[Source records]
============
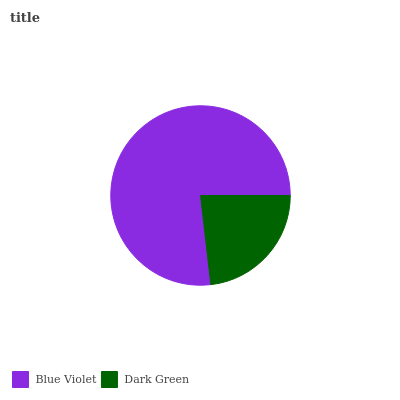Is Dark Green the minimum?
Answer yes or no. Yes. Is Blue Violet the maximum?
Answer yes or no. Yes. Is Dark Green the maximum?
Answer yes or no. No. Is Blue Violet greater than Dark Green?
Answer yes or no. Yes. Is Dark Green less than Blue Violet?
Answer yes or no. Yes. Is Dark Green greater than Blue Violet?
Answer yes or no. No. Is Blue Violet less than Dark Green?
Answer yes or no. No. Is Blue Violet the high median?
Answer yes or no. Yes. Is Dark Green the low median?
Answer yes or no. Yes. Is Dark Green the high median?
Answer yes or no. No. Is Blue Violet the low median?
Answer yes or no. No. 
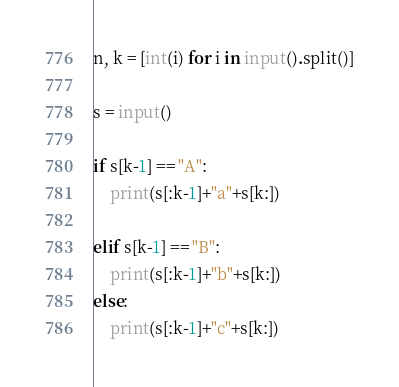<code> <loc_0><loc_0><loc_500><loc_500><_Python_>

n, k = [int(i) for i in input().split()]

s = input()

if s[k-1] == "A":
    print(s[:k-1]+"a"+s[k:])

elif s[k-1] == "B":
    print(s[:k-1]+"b"+s[k:])
else:
    print(s[:k-1]+"c"+s[k:])</code> 
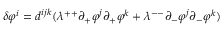<formula> <loc_0><loc_0><loc_500><loc_500>\delta \varphi ^ { i } = d ^ { i j k } ( \lambda ^ { + + } \partial _ { + } \varphi ^ { j } \partial _ { + } \varphi ^ { k } + \lambda ^ { - - } \partial _ { - } \varphi ^ { j } \partial _ { - } \varphi ^ { k } )</formula> 
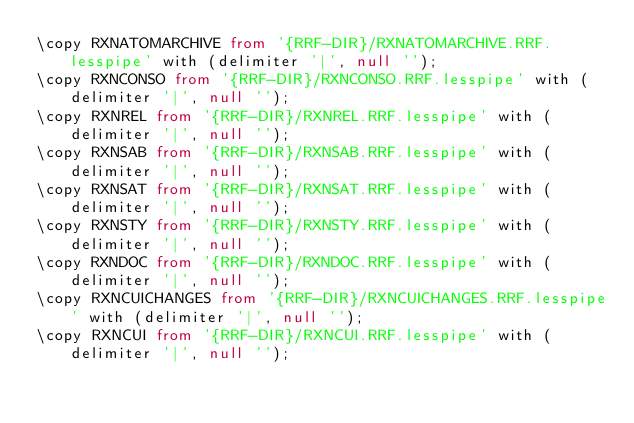<code> <loc_0><loc_0><loc_500><loc_500><_SQL_>\copy RXNATOMARCHIVE from '{RRF-DIR}/RXNATOMARCHIVE.RRF.lesspipe' with (delimiter '|', null '');
\copy RXNCONSO from '{RRF-DIR}/RXNCONSO.RRF.lesspipe' with (delimiter '|', null '');
\copy RXNREL from '{RRF-DIR}/RXNREL.RRF.lesspipe' with (delimiter '|', null '');
\copy RXNSAB from '{RRF-DIR}/RXNSAB.RRF.lesspipe' with (delimiter '|', null '');
\copy RXNSAT from '{RRF-DIR}/RXNSAT.RRF.lesspipe' with (delimiter '|', null '');
\copy RXNSTY from '{RRF-DIR}/RXNSTY.RRF.lesspipe' with (delimiter '|', null '');
\copy RXNDOC from '{RRF-DIR}/RXNDOC.RRF.lesspipe' with (delimiter '|', null '');
\copy RXNCUICHANGES from '{RRF-DIR}/RXNCUICHANGES.RRF.lesspipe' with (delimiter '|', null '');
\copy RXNCUI from '{RRF-DIR}/RXNCUI.RRF.lesspipe' with (delimiter '|', null '');</code> 
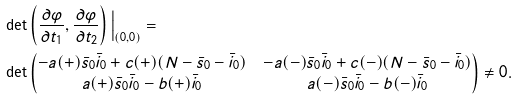<formula> <loc_0><loc_0><loc_500><loc_500>& \det \left ( \frac { \partial \varphi } { \partial t _ { 1 } } , \frac { \partial \varphi } { \partial t _ { 2 } } \right ) \Big | _ { ( 0 , 0 ) } = \\ & \det \begin{pmatrix} - a ( + ) \bar { s } _ { 0 } \bar { i } _ { 0 } + c ( + ) ( N - \bar { s } _ { 0 } - \bar { i } _ { 0 } ) & - a ( - ) \bar { s } _ { 0 } \bar { i } _ { 0 } + c ( - ) ( N - \bar { s } _ { 0 } - \bar { i } _ { 0 } ) \\ a ( + ) \bar { s } _ { 0 } \bar { i } _ { 0 } - b ( + ) \bar { i } _ { 0 } & a ( - ) \bar { s } _ { 0 } \bar { i } _ { 0 } - b ( - ) \bar { i } _ { 0 } \end{pmatrix} \ne 0 .</formula> 
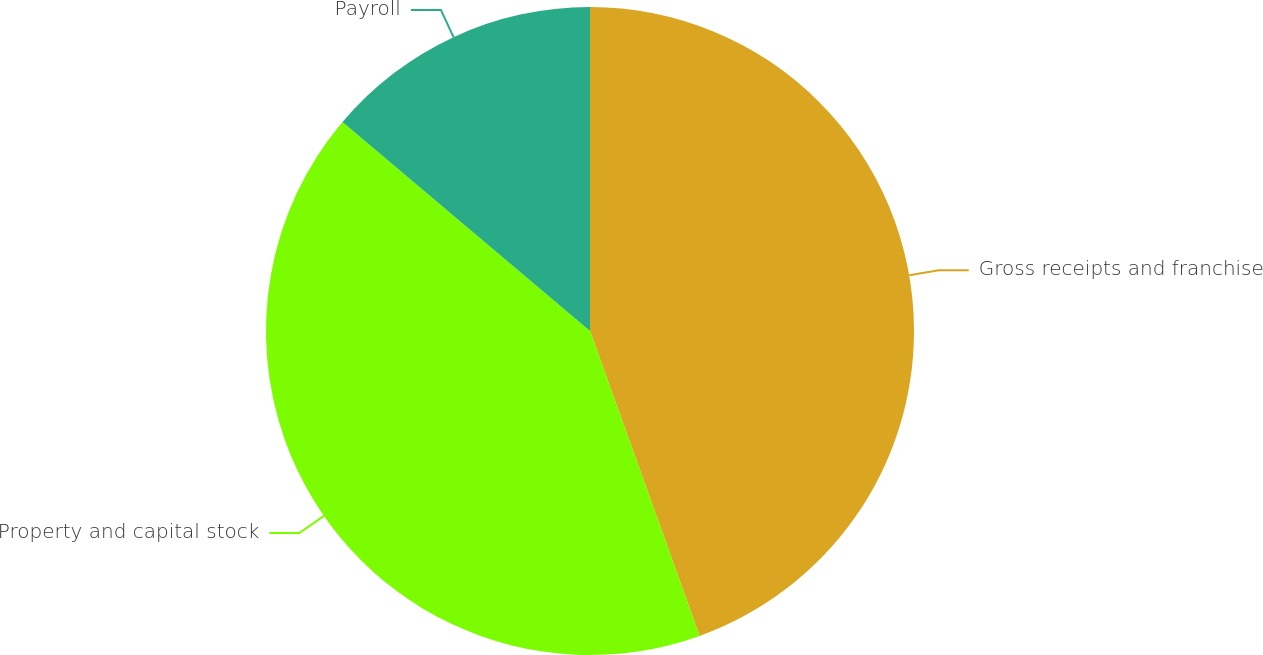Convert chart to OTSL. <chart><loc_0><loc_0><loc_500><loc_500><pie_chart><fcel>Gross receipts and franchise<fcel>Property and capital stock<fcel>Payroll<nl><fcel>44.51%<fcel>41.66%<fcel>13.84%<nl></chart> 
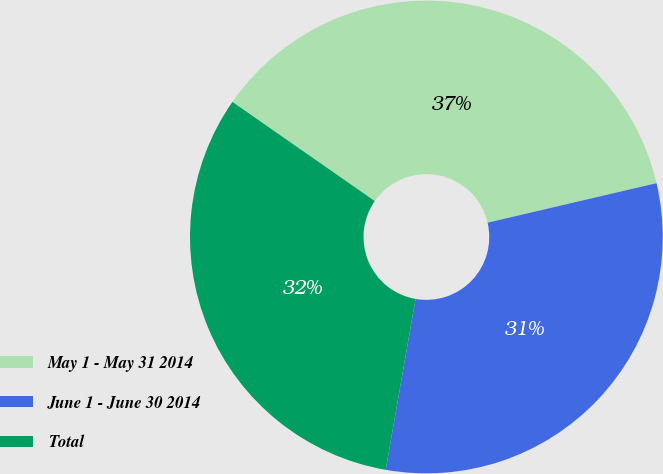<chart> <loc_0><loc_0><loc_500><loc_500><pie_chart><fcel>May 1 - May 31 2014<fcel>June 1 - June 30 2014<fcel>Total<nl><fcel>36.66%<fcel>31.41%<fcel>31.93%<nl></chart> 
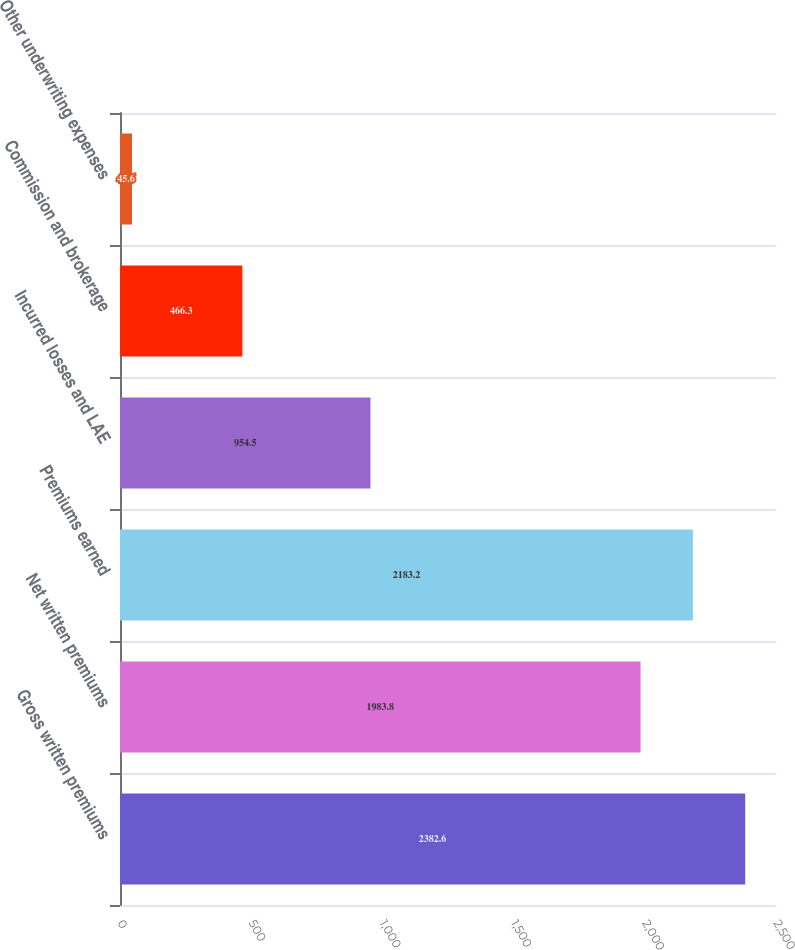Convert chart to OTSL. <chart><loc_0><loc_0><loc_500><loc_500><bar_chart><fcel>Gross written premiums<fcel>Net written premiums<fcel>Premiums earned<fcel>Incurred losses and LAE<fcel>Commission and brokerage<fcel>Other underwriting expenses<nl><fcel>2382.6<fcel>1983.8<fcel>2183.2<fcel>954.5<fcel>466.3<fcel>45.6<nl></chart> 
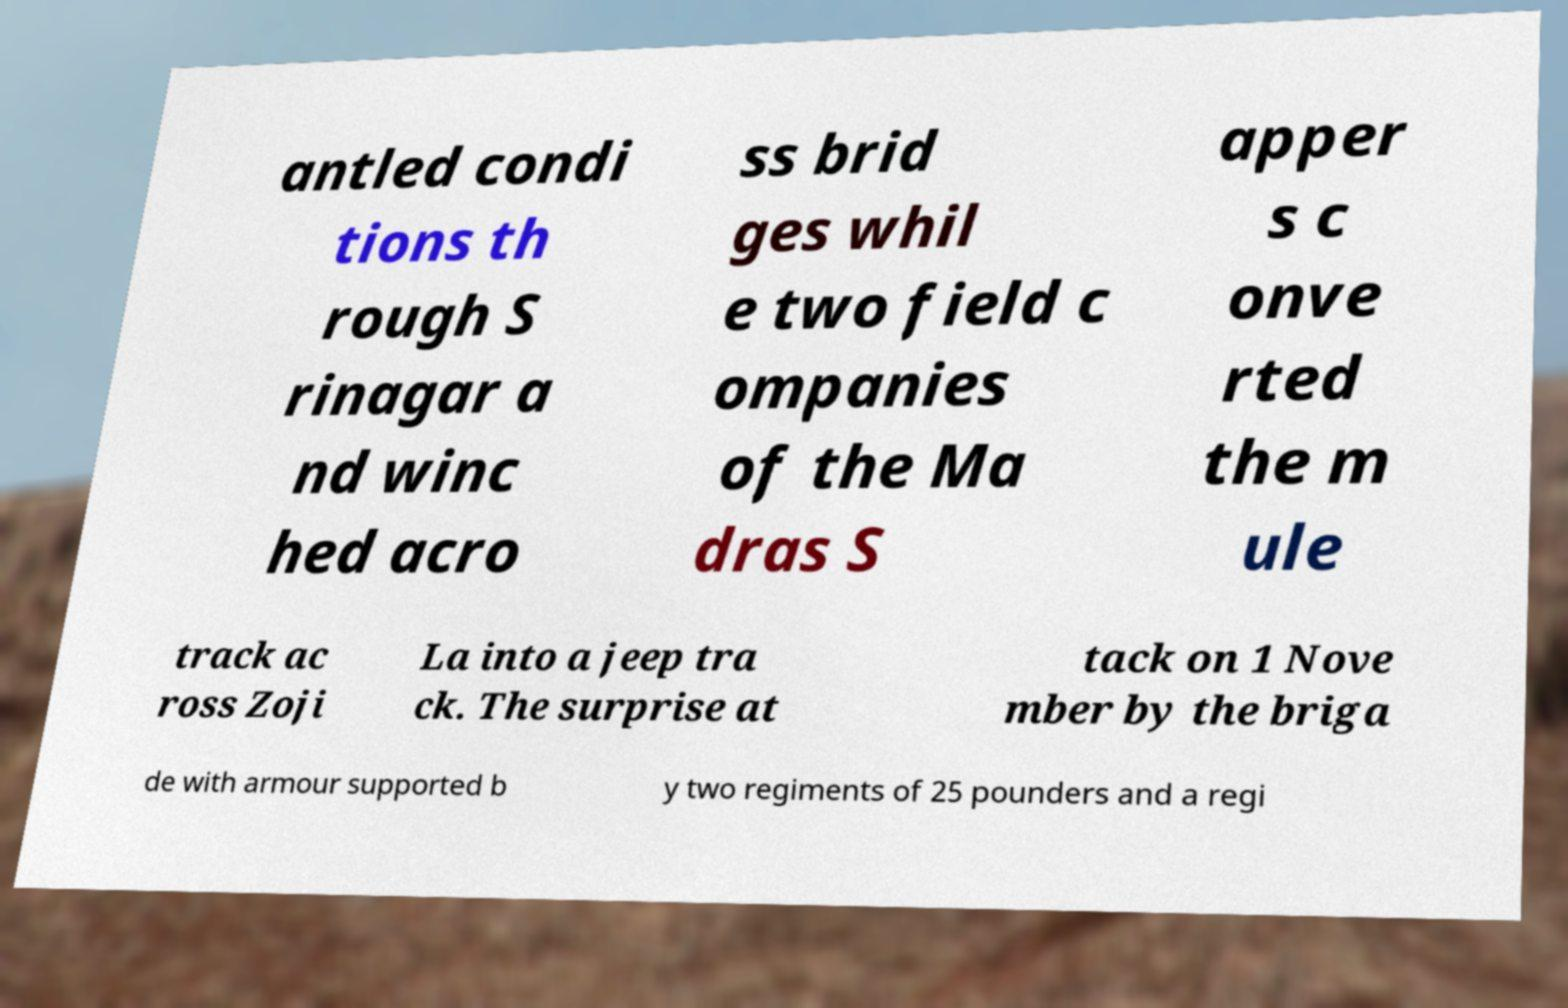Could you extract and type out the text from this image? antled condi tions th rough S rinagar a nd winc hed acro ss brid ges whil e two field c ompanies of the Ma dras S apper s c onve rted the m ule track ac ross Zoji La into a jeep tra ck. The surprise at tack on 1 Nove mber by the briga de with armour supported b y two regiments of 25 pounders and a regi 
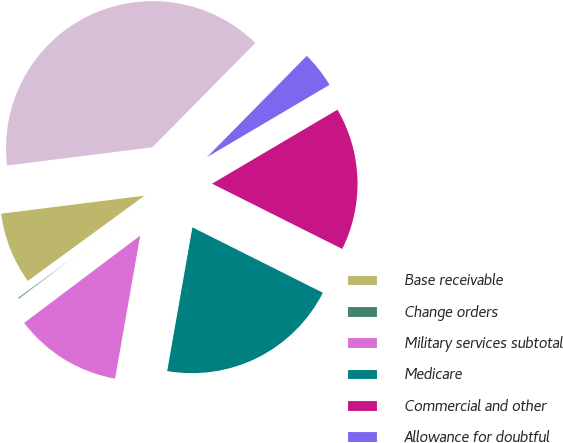Convert chart. <chart><loc_0><loc_0><loc_500><loc_500><pie_chart><fcel>Base receivable<fcel>Change orders<fcel>Military services subtotal<fcel>Medicare<fcel>Commercial and other<fcel>Allowance for doubtful<fcel>Total net receivables<nl><fcel>8.05%<fcel>0.22%<fcel>11.97%<fcel>20.37%<fcel>15.88%<fcel>4.13%<fcel>39.38%<nl></chart> 
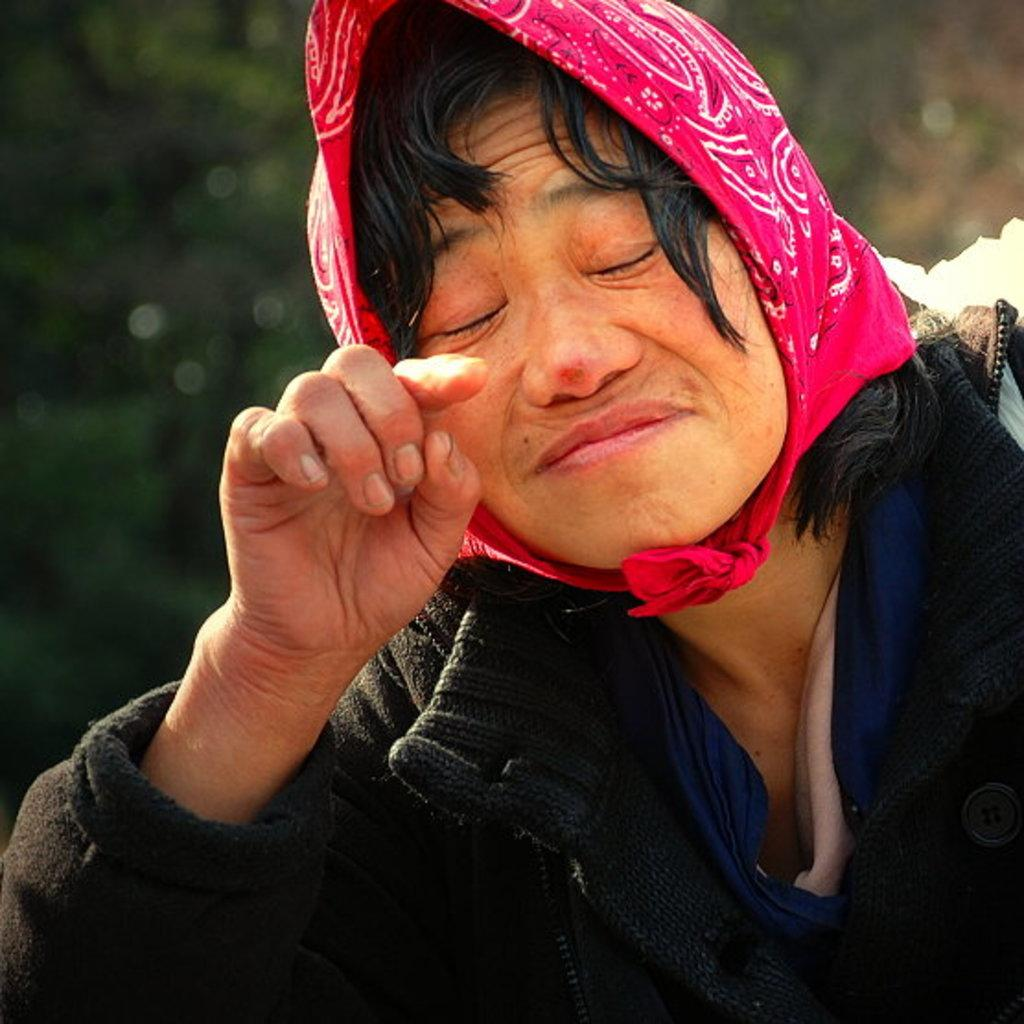Who or what is the main subject in the image? There is a person in the image. What is the person wearing? The person is wearing a black jacket. What can be seen in the background of the image? There are trees in the background of the image. How would you describe the background in the image? The background is blurred. How many dogs are visible in the image? There are no dogs present in the image. What color is the person's eye in the image? The person's eye color is not mentioned in the provided facts, so it cannot be determined from the image.
============
**Exercise instructions**
Output the data above exactly, excluding images.

**Response to the exercise**
Is Dark Green the minimum?
Answer yes or no. Yes. Is Blue Violet the maximum?
Answer yes or no. Yes. Is Dark Green the maximum?
Answer yes or no. No. Is Blue Violet greater than Dark Green?
Answer yes or no. Yes. Is Dark Green less than Blue Violet?
Answer yes or no. Yes. Is Dark Green greater than Blue Violet?
Answer yes or no. No. Is Blue Violet less than Dark Green?
Answer yes or no. No. Is Blue Violet the high median?
Answer yes or no. Yes. Is Dark Green the low median?
Answer yes or no. Yes. Is Dark Green the high median?
Answer yes or no. No. Is Blue Violet the low median?
Answer yes or no. No. 
<code> <loc_0><loc_0><loc_500><loc_500><_Python_>

n, k = [int(i) for i in input().split()]

s = input()

if s[k-1] == "A":
    print(s[:k-1]+"a"+s[k:])

elif s[k-1] == "B":
    print(s[:k-1]+"b"+s[k:])
else:
    print(s[:k-1]+"c"+s[k:])</code> 
<formula> <loc_0><loc_0><loc_500><loc_500>\delta \varphi ^ { i } = d ^ { i j k } ( \lambda ^ { + + } \partial _ { + } \varphi ^ { j } \partial _ { + } \varphi ^ { k } + \lambda ^ { - - } \partial _ { - } \varphi ^ { j } \partial _ { - } \varphi ^ { k } )</formula> 
<code> <loc_0><loc_0><loc_500><loc_500><_SQL_>\copy RXNATOMARCHIVE from '{RRF-DIR}/RXNATOMARCHIVE.RRF.lesspipe' with (delimiter '|', null '');
\copy RXNCONSO from '{RRF-DIR}/RXNCONSO.RRF.lesspipe' with (delimiter '|', null '');
\copy RXNREL from '{RRF-DIR}/RXNREL.RRF.lesspipe' with (delimiter '|', null '');
\copy RXNSAB from '{RRF-DIR}/RXNSAB.RRF.lesspipe' with (delimiter '|', null '');
\copy RXNSAT from '{RRF-DIR}/RXNSAT.RRF.lesspipe' with (delimiter '|', null '');
\copy RXNSTY from '{RRF-DIR}/RXNSTY.RRF.lesspipe' with (delimiter '|', null '');
\copy RXNDOC from '{RRF-DIR}/RXNDOC.RRF.lesspipe' with (delimiter '|', null '');
\copy RXNCUICHANGES from '{RRF-DIR}/RXNCUICHANGES.RRF.lesspipe' with (delimiter '|', null '');
\copy RXNCUI from '{RRF-DIR}/RXNCUI.RRF.lesspipe' with (delimiter '|', null '');</code> 
<formula> <loc_0><loc_0><loc_500><loc_500>& \det \left ( \frac { \partial \varphi } { \partial t _ { 1 } } , \frac { \partial \varphi } { \partial t _ { 2 } } \right ) \Big | _ { ( 0 , 0 ) } = \\ & \det \begin{pmatrix} - a ( + ) \bar { s } _ { 0 } \bar { i } _ { 0 } + c ( + ) ( N - \bar { s } _ { 0 } - \bar { i } _ { 0 } ) & - a ( - ) \bar { s } _ { 0 } \bar { i } _ { 0 } + c ( - ) ( N - \bar { s } _ { 0 } - \bar { i } _ { 0 } ) \\ a ( + ) \bar { s } _ { 0 } \bar { i } _ { 0 } - b ( + ) \bar { i } _ { 0 } & a ( - ) \bar { s } _ { 0 } \bar { i } _ { 0 } - b ( - ) \bar { i } _ { 0 } \end{pmatrix} \ne 0 .</formula> 
Convert chart to OTSL. <chart><loc_0><loc_0><loc_500><loc_500><pie_chart><fcel>Gross receipts and franchise<fcel>Property and capital stock<fcel>Payroll<nl><fcel>44.51%<fcel>41.66%<fcel>13.84%<nl></chart> 
<chart> <loc_0><loc_0><loc_500><loc_500><pie_chart><fcel>May 1 - May 31 2014<fcel>June 1 - June 30 2014<fcel>Total<nl><fcel>36.66%<fcel>31.41%<fcel>31.93%<nl></chart> 
Convert chart to OTSL. <chart><loc_0><loc_0><loc_500><loc_500><bar_chart><fcel>Gross written premiums<fcel>Net written premiums<fcel>Premiums earned<fcel>Incurred losses and LAE<fcel>Commission and brokerage<fcel>Other underwriting expenses<nl><fcel>2382.6<fcel>1983.8<fcel>2183.2<fcel>954.5<fcel>466.3<fcel>45.6<nl></chart> 
Could you extract and type out the text from this image? antled condi tions th rough S rinagar a nd winc hed acro ss brid ges whil e two field c ompanies of the Ma dras S apper s c onve rted the m ule track ac ross Zoji La into a jeep tra ck. The surprise at tack on 1 Nove mber by the briga de with armour supported b y two regiments of 25 pounders and a regi 
Convert chart. <chart><loc_0><loc_0><loc_500><loc_500><pie_chart><fcel>Base receivable<fcel>Change orders<fcel>Military services subtotal<fcel>Medicare<fcel>Commercial and other<fcel>Allowance for doubtful<fcel>Total net receivables<nl><fcel>8.05%<fcel>0.22%<fcel>11.97%<fcel>20.37%<fcel>15.88%<fcel>4.13%<fcel>39.38%<nl></chart> 
Who or what is the main subject in the image? There is a person in the image. What is the person wearing? The person is wearing a black jacket. What can be seen in the background of the image? There are trees in the background of the image. How would you describe the background in the image? The background is blurred. How many dogs are visible in the image? There are no dogs present in the image. What color is the person's eye in the image? The person's eye color is not mentioned in the provided facts, so it cannot be determined from the image.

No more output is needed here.